MATE isn't capitalized in the article title.
Although I've had some involvement with MATE, I'd say it's going to be difficult to maintain and reach their goals unless a lot more developers hop on. This seems highly unlikely. I think it would make much more sense to contribute to XFCE to make it a complete alternative to GNOME 2 if there's something missing that should be there. To my knowledge, there is very little you can do in GNOME 2 you can't do in XFCE- primarily scrubbing across menus in the panels. You can run GNOME 2 applets, themes work correctly- what more do people want?
Especially considering the completeness and suitability of XFCE for daily use, I think it would make more sense. After all, Linus uses it. ^_~
I think it's great that people build new projects from existing code, but I wish they'd split a bit further away on the stack. For instance, if Cinnamon were built on Clutter, but not so similar to the Shell as to be problematic. There's bound to be a time when Cinnamon and the Shell aren't compatible in some fundamental way, and Cinnamon users are going to feel like they have the right to impose that compatibility on GNOME, when they most certainly don't. It's like someone coming into your house, taking your clothes (which you freely offered), bringing them back hemmed, and then forcing you to hem your pants the same way.

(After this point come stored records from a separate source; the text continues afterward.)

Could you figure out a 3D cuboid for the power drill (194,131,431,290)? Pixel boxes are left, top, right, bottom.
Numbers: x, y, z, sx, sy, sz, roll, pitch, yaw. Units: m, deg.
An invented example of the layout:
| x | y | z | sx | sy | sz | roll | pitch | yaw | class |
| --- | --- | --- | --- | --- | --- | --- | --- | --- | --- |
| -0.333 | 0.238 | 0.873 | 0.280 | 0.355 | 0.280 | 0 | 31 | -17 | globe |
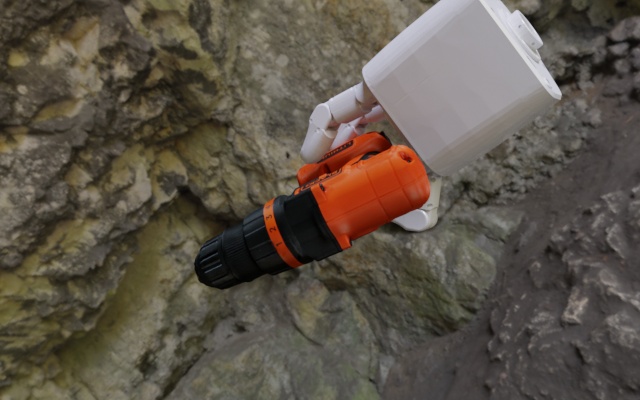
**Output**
| x | y | z | sx | sy | sz | roll | pitch | yaw | class |
| --- | --- | --- | --- | --- | --- | --- | --- | --- | --- |
| 0.000 | 0.001 | 0.405 | 0.184 | 0.057 | 0.187 | -24 | 11 | 15 | power drill |
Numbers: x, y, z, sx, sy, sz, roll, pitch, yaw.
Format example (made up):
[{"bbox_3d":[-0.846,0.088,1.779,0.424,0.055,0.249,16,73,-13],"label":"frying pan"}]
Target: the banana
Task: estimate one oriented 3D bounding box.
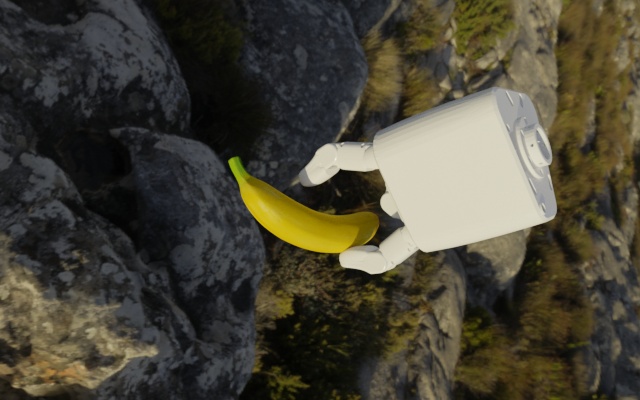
[{"bbox_3d":[-0.003,0.017,0.466,0.037,0.069,0.198,-21,-33,40],"label":"banana"}]
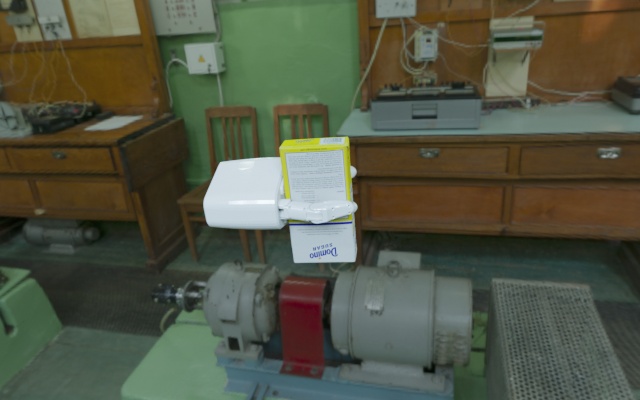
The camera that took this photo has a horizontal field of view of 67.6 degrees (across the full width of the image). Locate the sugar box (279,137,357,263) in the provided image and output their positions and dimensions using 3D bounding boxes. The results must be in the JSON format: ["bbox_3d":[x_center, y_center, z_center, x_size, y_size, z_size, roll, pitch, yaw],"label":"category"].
[{"bbox_3d":[0.000,0.002,0.675,0.093,0.176,0.048,-1,25,8],"label":"sugar box"}]
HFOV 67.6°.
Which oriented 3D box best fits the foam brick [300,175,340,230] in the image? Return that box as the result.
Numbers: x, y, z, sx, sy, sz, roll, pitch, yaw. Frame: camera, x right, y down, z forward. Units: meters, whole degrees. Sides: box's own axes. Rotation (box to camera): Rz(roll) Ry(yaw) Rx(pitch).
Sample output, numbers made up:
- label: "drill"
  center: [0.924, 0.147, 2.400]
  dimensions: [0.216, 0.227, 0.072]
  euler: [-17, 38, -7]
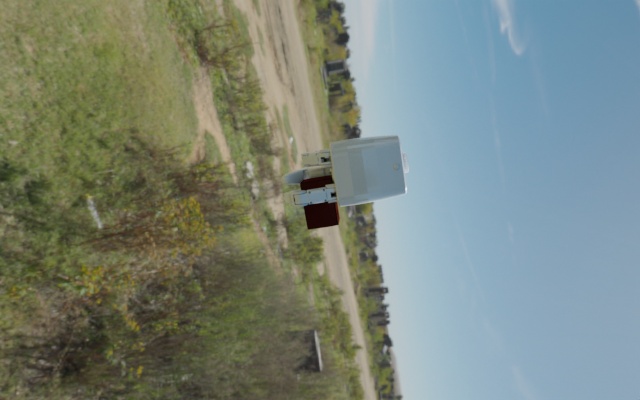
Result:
- label: "foam brick"
  center: [0.000, 0.003, 0.768]
  dimensions: [0.051, 0.078, 0.053]
  euler: [-8, 9, 5]
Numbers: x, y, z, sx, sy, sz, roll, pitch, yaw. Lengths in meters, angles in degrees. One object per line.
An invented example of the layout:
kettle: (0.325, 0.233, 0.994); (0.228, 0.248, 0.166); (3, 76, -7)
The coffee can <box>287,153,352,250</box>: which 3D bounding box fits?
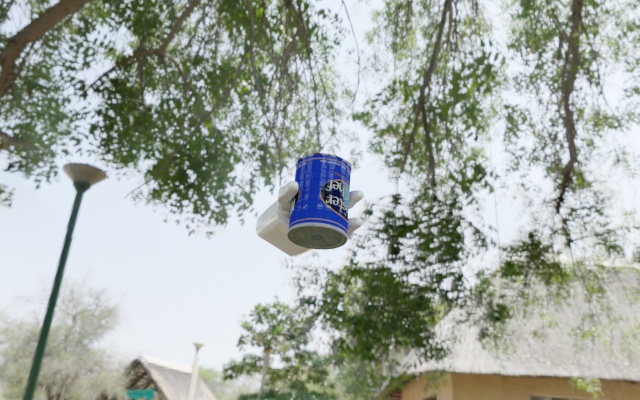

Eventually it's gonna' bite them, just as Unity's scrollbars and other modifications to GTK have left them out of all but their own distro. Luckily these patches are tiny, but you can see the problem- these communities depend on upstream, they go in a wildly divergent direction, and then people expect upstream to change just because the spin-off is popular.
It's much easier to depend on cooperation than continually correct whatever upstream 'isn't doing right'. The Elementary team with Granite is a good example of how you should create new projects with necessary differences.